Десяти лет я поступил в 1-й класс частной гимназии Поливанова. Этим заканчивается мое раннее детство ‹…›. В гимназии Поливанова я пробыл пять лет, переболев за это время почти всеми детскими болезнями. Внезапная и почти одновременная утрата родителей окончательно расшатала мое здоровье. Дом продали, – прежняя жизнь рушилась. Разбитый и усталый я выехал в Петербург. Вся моя последующая жизнь – непрерывное лечение.

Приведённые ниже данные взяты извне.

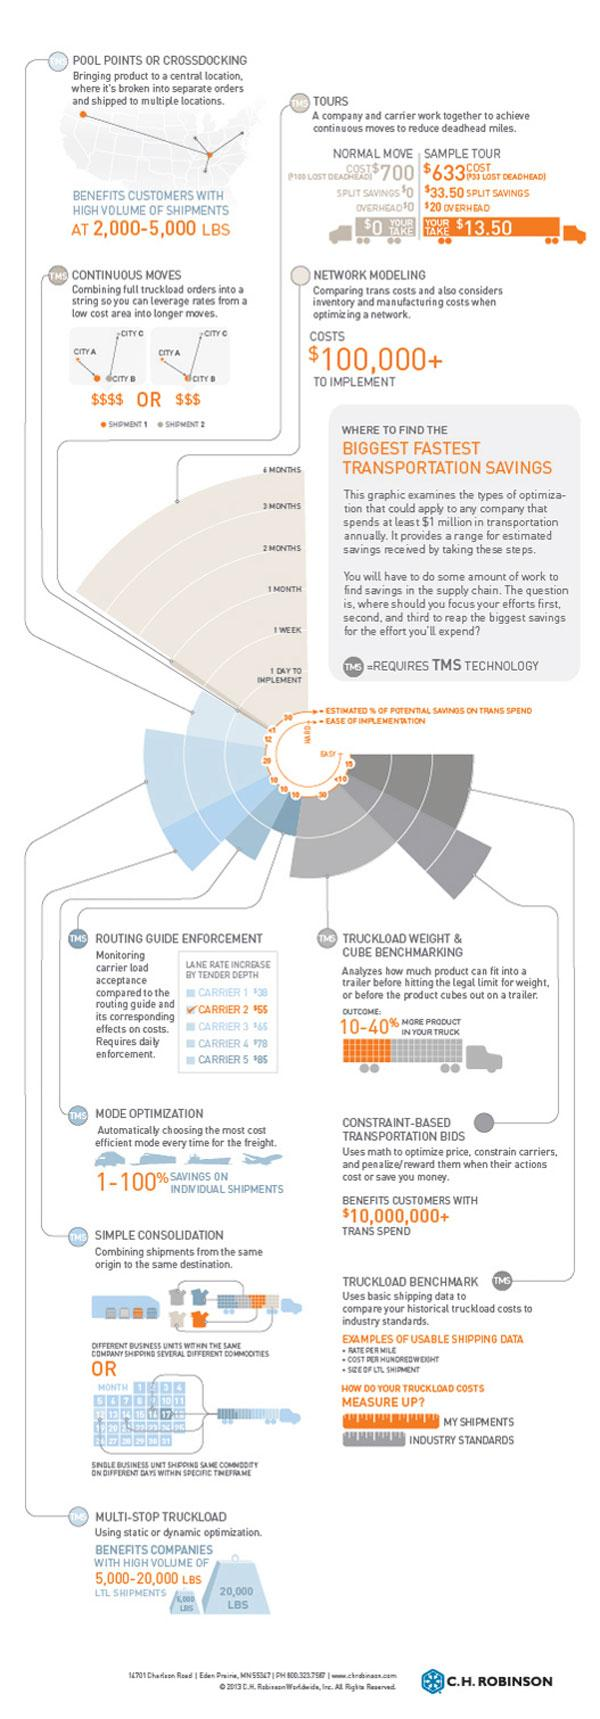Specify some key components in this picture. Continuous Moves is the method of shipping that utilizes cities with lower costs to reduce shipping expenses. This method involves the movement of goods from one location to another without interruption, resulting in a more efficient and cost-effective shipping process. The transportation method that requires the highest cost of implementation is network modeling. In recent years, the implementation of TMS technology in various transportation methods has become increasingly common. In fact, many transportation methods, such as road freight, ocean freight, air freight, and rail freight, have begun to utilize TMS technology to streamline their operations and improve their efficiency. Therefore, it is accurate to say that TMS technology is widely used in various transportation methods.

Обнаруженный у меня петербургскими докторами туберкулез легких требовал немедленного и строжайшего санаторского режима.
Начались скитания по русским и заграничным санаториям.
С утра до вечера, лежа на chaise longque (шезлонг), я читал, думал и главное – вспоминал. Мелькали лица, звенели голоса, из отдельных слов слагались фразы, воскресали целые беседы; вставали сцены недавнего милого прошлого. Понемногу я стал их записывать. Из этих приведенных в порядок воспоминаний составилась книга рассказов „Детство“, вышедшая из печати, когда мне исполнилось 18 лет.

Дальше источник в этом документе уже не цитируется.